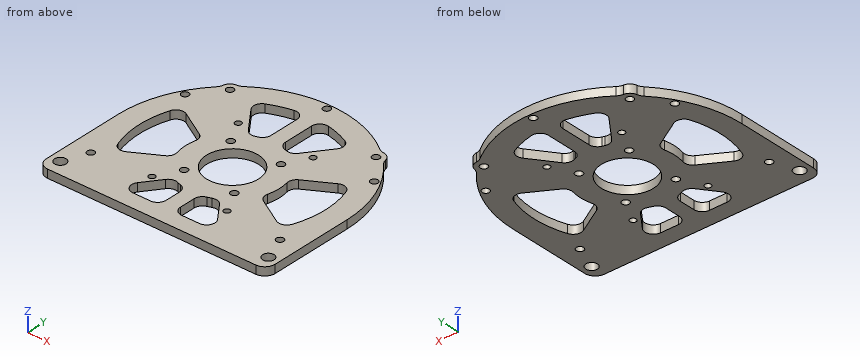
```python
from build123d import *

# Parameters (mm, degrees)
SKETCH_2_R          = 1.25
SKETCH_2_R_2        = 1.75
SKETCH_2_R_3        = 12.5
SKETCH_2_R_4        = 2.55
SKETCH_2_R_5        = 1.5
SKETCH_2_R_6        = 1.55
EXTRUDE_1_DEPTH     = 4
CUT_EXTRUDE_1_DEPTH = 4
FILLET_2_R          = 4
FILLET_3_R          = 4
FILLET_4_R          = 5
SKETCH_4_R          = 1.75
SKETCH_4_R_2        = 1.5
SKETCH_4_R_3        = 2.75
CUT_EXTRUDE_2_DEPTH = 10


with BuildPart() as part:
    # 草图2 → 凸台-拉伸1 (new body)
    with BuildSketch(Plane.XY):
        with BuildLine():
            Line((55, 3), (55, 47.999999928))
            ThreePointArc((55, 47.999999928), (50.85407892, 68.949049075), (39.041357871, 86.739803505))
            ThreePointArc((39.041357871, 86.739803505), (37.739334229, 90.232640986), (34.122629592, 91.135207774))
            ThreePointArc((34.122629592, 91.135207774), (0, 103), (-34.122629592, 91.135207774))
            ThreePointArc((-34.122629592, 91.135207774), (-37.739334229, 90.232640986), (-39.041357871, 86.739803505))
            ThreePointArc((-39.041357871, 86.739803505), (-50.854078907, 68.949049108), (-55, 48))
            Line((-55, 48), (-55, 3))
            Line((-55, 3), (55, 3))
        make_face()
        with Locations((-18, 24)):
            Circle(SKETCH_2_R, mode=Mode.SUBTRACT)
        with Locations((-12.07, 35)):
            Circle(SKETCH_2_R_2, mode=Mode.SUBTRACT)
        with Locations((18, 24)):
            Circle(SKETCH_2_R, mode=Mode.SUBTRACT)
        with Locations((12.07, 35)):
            Circle(SKETCH_2_R_2, mode=Mode.SUBTRACT)
        with Locations((0, 48)):
            Circle(SKETCH_2_R_3, mode=Mode.SUBTRACT)
        with Locations((-12.07, 61)):
            Circle(SKETCH_2_R_2, mode=Mode.SUBTRACT)
        with Locations((-18, 72)):
            Circle(SKETCH_2_R, mode=Mode.SUBTRACT)
        with Locations((12.07, 61)):
            Circle(SKETCH_2_R_2, mode=Mode.SUBTRACT)
        with Locations((18, 72)):
            Circle(SKETCH_2_R, mode=Mode.SUBTRACT)
        with Locations((50, 10)):
            Circle(SKETCH_2_R_4, mode=Mode.SUBTRACT)
        with Locations((45.466333699, 21.75)):
            Circle(SKETCH_2_R_5, mode=Mode.SUBTRACT)
        with Locations((45.466333699, 74.25)):
            Circle(SKETCH_2_R_5, mode=Mode.SUBTRACT)
        with Locations((35.074028853, 87.25)):
            Circle(SKETCH_2_R_6, mode=Mode.SUBTRACT)
        with Locations((-50, 10)):
            Circle(SKETCH_2_R_4, mode=Mode.SUBTRACT)
        with Locations((0, 100.5)):
            Circle(SKETCH_2_R_5, mode=Mode.SUBTRACT)
        with Locations((-45.466333699, 21.75)):
            Circle(SKETCH_2_R_5, mode=Mode.SUBTRACT)
        with Locations((-45.466333699, 74.25)):
            Circle(SKETCH_2_R_5, mode=Mode.SUBTRACT)
        with Locations((-35.074028853, 87.25)):
            Circle(SKETCH_2_R_6, mode=Mode.SUBTRACT)
    extrude(amount=EXTRUDE_1_DEPTH)

    # 草图3 → 切除-拉伸1 (cut)
    with BuildSketch(Plane.XY.offset(4)):
        with BuildLine():
            ThreePointArc((-3.5, 25.773889229), (-7.354360894, 26.735866445), (-10.979461873, 28.360717503))
            Line((-10.979461873, 28.360717503), (-24, 11))
            Line((-24, 11), (-3.5, 11))
            Line((-3.5, 11), (-3.5, 25.773889229))
        make_face()
        with BuildLine():
            Line((-21.175179269, 55.606693298), (-40.502045801, 66.765064893))
            ThreePointArc((-40.502045801, 66.765064893), (-44.635096369, 47.4984557), (-40.070163739, 28.329581794))
            Line((-40.070163739, 28.329581794), (-20.811589784, 39.448524651))
            ThreePointArc((-20.811589784, 39.448524651), (-22.494305888, 47.493835393), (-21.175179269, 55.606693298))
        make_face()
        with BuildLine():
            ThreePointArc((-3.5, 92.500487352), (-13.877512662, 90.425912092), (-23.474999809, 85.966666412))
            Line((-23.474999809, 85.966666412), (-10.084953895, 68.11327186))
            ThreePointArc((-10.084953895, 68.11327186), (-6.874137411, 69.424197414), (-3.5, 70.226110771))
            Line((-3.5, 70.226110771), (-3.5, 92.500487352))
        make_face()
    cut_extrude_1 = extrude(amount=-CUT_EXTRUDE_1_DEPTH, mode=Mode.SUBTRACT)

    # 镜向1: 切除-拉伸1 across plane
    add(cut_extrude_1.mirror(Plane(origin=(0, 0, 0), x_dir=(0, 0, 1), z_dir=(1, 0, 0))), mode=Mode.SUBTRACT)

    # 圆角2
    fillet_2_edges = [part.edges().sort_by_distance(p)[0] for p in [
        (-40.502045801, 66.765064893, 2),
        (-21.175179269, 55.606693298, 2),
        (-20.811589784, 39.448524651, 2),
        (-40.070163739, 28.329581794, 2),
    ]]
    fillet(fillet_2_edges, radius=FILLET_2_R)

    # 圆角3
    fillet_3_edges = [part.edges().sort_by_distance(p)[0] for p in [
        (-3.5, 92.500487352, 2),
        (-3.5, 70.226110771, 2),
        (-10.084953895, 68.11327186, 2),
        (-23.474999809, 85.966666412, 2),
        (-10.979461873, 28.360717503, 2),
        (-3.5, 25.773889229, 2),
        (-3.5, 11, 2),
        (-24, 11, 2),
        (3.5, 70.226110771, 2),
        (3.5, 92.500487352, 2),
        (23.474999809, 85.966666412, 2),
        (10.084953895, 68.11327186, 2),
        (21.175179269, 55.606693298, 2),
        (40.502045801, 66.765064893, 2),
        (40.070163739, 28.329581794, 2),
        (20.811589784, 39.448524651, 2),
        (3.5, 25.773889229, 2),
        (10.979461873, 28.360717503, 2),
        (24, 11, 2),
        (3.5, 11, 2),
    ]]
    fillet(fillet_3_edges, radius=FILLET_3_R)

    # 圆角4
    fillet_4_edges = [part.edges().sort_by_distance(p)[0] for p in [
        (39.041357871, 86.739803505, 2),
        (55, 3, 2),
        (-55, 3, 2),
        (-39.041357871, 86.739803505, 2),
        (-34.122629592, 91.135207774, 2),
        (34.122629592, 91.135207774, 2),
    ]]
    fillet(fillet_4_edges, radius=FILLET_4_R)

    # 草图4 → 切除-拉伸2 (cut)
    with BuildSketch(Plane.XY.offset(4)):
        with Locations((-45.466333699, 74.25)):
            Circle(SKETCH_4_R)
        with Locations((-35.074028853, 87.25)):
            Circle(SKETCH_4_R)
        with Locations((0, 100.5)):
            Circle(SKETCH_4_R)
        with Locations((35.074028853, 87.25)):
            Circle(SKETCH_4_R)
        with Locations((45.466333699, 74.25)):
            Circle(SKETCH_4_R)
        with Locations((18, 72)):
            Circle(SKETCH_4_R_2)
        with Locations((-18, 72)):
            Circle(SKETCH_4_R_2)
        with Locations((-18, 24)):
            Circle(SKETCH_4_R_2)
        with Locations((18, 24)):
            Circle(SKETCH_4_R_2)
        with Locations((50, 10)):
            Circle(SKETCH_4_R_3)
        with Locations((-50, 10)):
            Circle(SKETCH_4_R_3)
        with Locations((45.466333699, 21.75)):
            Circle(SKETCH_4_R)
        with Locations((-45.466333699, 21.75)):
            Circle(SKETCH_4_R)
    extrude(amount=-CUT_EXTRUDE_2_DEPTH, mode=Mode.SUBTRACT)


solid = part.part
```
Source: CAD feature listing. Evaluate the final solid. Frame: model axes, mm. Round coordinates to 2 decimals unless told otherwise and drop trailing zeros. Write each loop counter-clockwise with the first axis right and the second up, starting at its lowest first coordinate (ties: lowest second). Pieces come first, ordered by that corner, then holes. Notation, with made-up numbers: M 85.5,71 L 138.5,71 A23 ccw 138.5,102 Z; hole C -16.75,89 d4. An arc over 180 degrees is marked long. Use CSV: the item, a comma, the result in double quotes. Start each with the question number.
Q1. Cut plane A-A on x = 0. Output: boundary loops of the cut face in (y, z).
Q2. Cut plane B-B on x = -18. Output: boundary loops of the cut face in (y, z).
Q3. First-contact query: P1, Ø6, axis at x = -24.5, y = 57.5, coming from the +Z side; P2, Ø2, axis at x = 45.47, y = 21.75, coming from the +Z side; P3, Ø1.2, axis at y = 77.5, z = 1, coming from the +X side; P4, Ø1, axis at y = 87, z = 2, coming from the -X side. Flat tips, straight axial feed; report the tip coordinate or a pass-through.
Q4. Cut plane D-D on y = 94.5. Output: boundary loops of the cut face in (x, z), plus the area to 3 significant figures.
Q5. Line query: line 1 (X direction, y = 8, z = 2.7); line 2 (Y direction, x = 18, z = 2.25); line 3 (X direction, y = 64.5, z = 1.65). Output: solid intervals per line, ascending. Write a range as from..to.
Q6. Cut plane C-C on z = 2.65. Count the separate pieces of the cut face and the enclosed holes in it, plus the area to 3 significant figures.
Results found:
1,outline,"M 3,0 L 35.5,0 L 35.5,4 L 3,4 Z; M 60.5,0 L 98.75,0 L 98.75,4 L 60.5,4 Z; M 102.25,0 L 103,0 L 103,4 L 102.25,4 Z"
2,outline,"M 3,0 L 11.54,0 L 11.54,4 L 3,4 Z; M 19,0 L 22.5,0 L 22.5,4 L 19,4 Z; M 25.5,0 L 70.5,0 L 70.5,4 L 25.5,4 Z; M 73.5,0 L 78.67,0 L 78.67,4 L 73.5,4 Z; M 88.85,0 L 99.97,0 L 99.97,4 L 88.85,4 Z"
3,P1,"z = 4"
3,P2,"through"
3,P3,"x = 46.8"
3,P4,"x = -39.52"
4,outline,"M -29.37,0 L 29.37,0 L 29.37,4 L -29.37,4 Z"
4,area,"235 mm^2"
5,line 1,"-55..-51.89, -48.11..48.11, 51.89..55"
5,line 2,"3..11.54, 19..22.5, 25.5..70.5, 73.5..78.67, 88.85..99.97"
5,line 3,"-52.47..-40.43, -36.58..36.58, 40.43..52.47"
6,separate pieces,"1"
6,enclosed holes,"24"
6,area,"6,800 mm^2"

Exercise details:
Show all lines in the entries above where the word "amount" appears.

Your response:
    extrude(amount=EXTRUDE_1_DEPTH)
    cut_extrude_1 = extrude(amount=-CUT_EXTRUDE_1_DEPTH, mode=Mode.SUBTRACT)
    extrude(amount=-CUT_EXTRUDE_2_DEPTH, mode=Mode.SUBTRACT)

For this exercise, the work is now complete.